A lot has piled up here about working without conventional jobs. Let’s see what it is.
Oldest is “Biden Proposal Could Lead to Employee Status for
Gig Workers” (Noam Scheiber, The New York Times, October 11th). That wouldn’t be wide open, but rather
“lowers the bar for that employee classification,” by incorporating “how much
control workers have over how they do their jobs and how much opportunity they
have to increase their earnings by doing things like offering new
services.” The piece, though, is more
about how current laws are often disobeyed by companies preferring workers to
be contractors. Consistently correct
categorization would do more for those with gigs than changing it. As for Megan Henney’s October 12th
Fox Business response that “Biden’s proposed gig worker rule could deal
a major blow to small businesses,” the end of slavery did that as well.

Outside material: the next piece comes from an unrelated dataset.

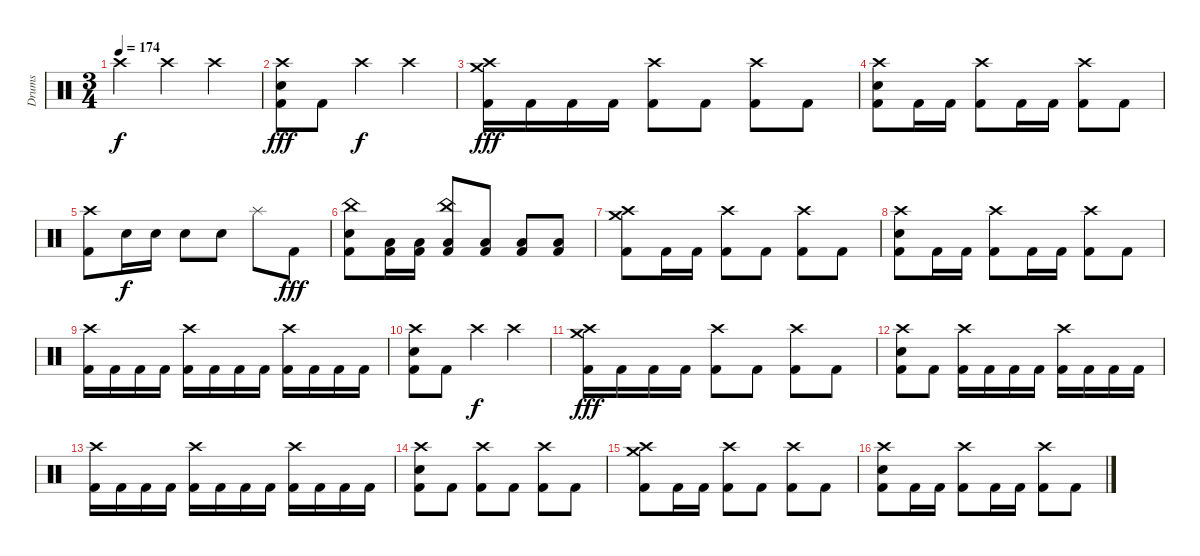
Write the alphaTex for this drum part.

Also on the 11th, The New York Times told
us to “Meet the App That Helps Gig Workers Know How Much They Really Make”
(Erin Griffith). It’s Para. Not a cost-accounting product, but one that
gets into company databases and reveals how much workers will be paid, often
including tip amounts, so they can accept or refuse giving rides or delivering
restaurant orders. The product delighted
neither Uber nor DoorDash, who both sent Para “cease-and-desist letters.” Para provides information important enough
for one driver to report that “a no-tip order from Red Lobster could mean less
than $3 for 30 minutes of work during a peak time.” Overall, if companies freely provided this
information, there would be no need for anyone to get it any other way.
From the front ridesharing lines came “What Shocked Me Most
When I Became a Lyft Driver for a Week” (Timothy B. Lee, Slate.com,
December 22nd). The reporter found
great variation in his portion of what Lyft charged, from “less than 30
percent” to “more than 80 percent,” and over the week collected 52%. Interesting, since the rate Yellow Cab of
Milwaukee paid when I worked there in 1976, for those preferring a percentage
of fares, was 55% – with the company providing the taxi. As Lee put it, “it seems that the smartphone
revolution didn’t make taxi dispatching cheaper and more efficient. It made it way more expensive.” So, perhaps, could someone create a cheaper
rideshare model?
Three articles on the other large de facto cab company
appeared in the New York Times over five weeks. “Uber Drivers Say They Are Struggling: ‘This
Is Not Sustainable’” (Winnie Hu and Ana Ley, January 12th). That’s no wonder, if they need to pay for
their cars out of 52% of fair market fares.
Yet they have learned something – one interviewee said he was leaving to
drive a truck. Also, little shock that
“Uber Reports Record Revenue as It Defies the Economic Downturn” (Kellen
Browning, February 8th). It
was $8.6 billion from October to December 2022, of which $595 million was
profit. Yet “Financial Woes Thrust Lyft,
Long in Uber’s Shadow, Into the Spotlight” (also Kellen Browning, February 15th). On their “record revenue of $1.2 billion in
its most recent quarter,” they lost $588 million. Strange.
Moving almost six months later, we heard that “Minneapolis
Uber, Lyft drivers want minimum wage, companies say it could be worse for
riders” (Mills Hayes, Fox Business, August 2nd). I could not have imagined that as a cabdriver,
when, over full-length days, I netted over double the $1.80 per hour I got
elsewhere the next year. And yes, Uber
and Lyft opposed that, perhaps because it illuminated how little many earn
after expenses.
Last, could it be that emphasis on gigs is causing “The
death of hobbies” (Eve Upton-Clark, Insider, July 31st)? Not really.
Since my early teens, I have consistently sought out ways of earning
money from what I enjoy, and have done that, with different things, most of my
life. That does lead to wanting a true
avocation when others become vocations. Yes,
as the author says, going for profit can cut down other activities in that
area, as, for example, reselling collectibles cuts compatibility with keeping
them for yourself, but people can always adjust what they do. A great deal of the fun remains – and the
advantage of earning money instead of spending it can, over decades, be
remarkable. So, find the right choices
for you and go right ahead – you’ll probably like it.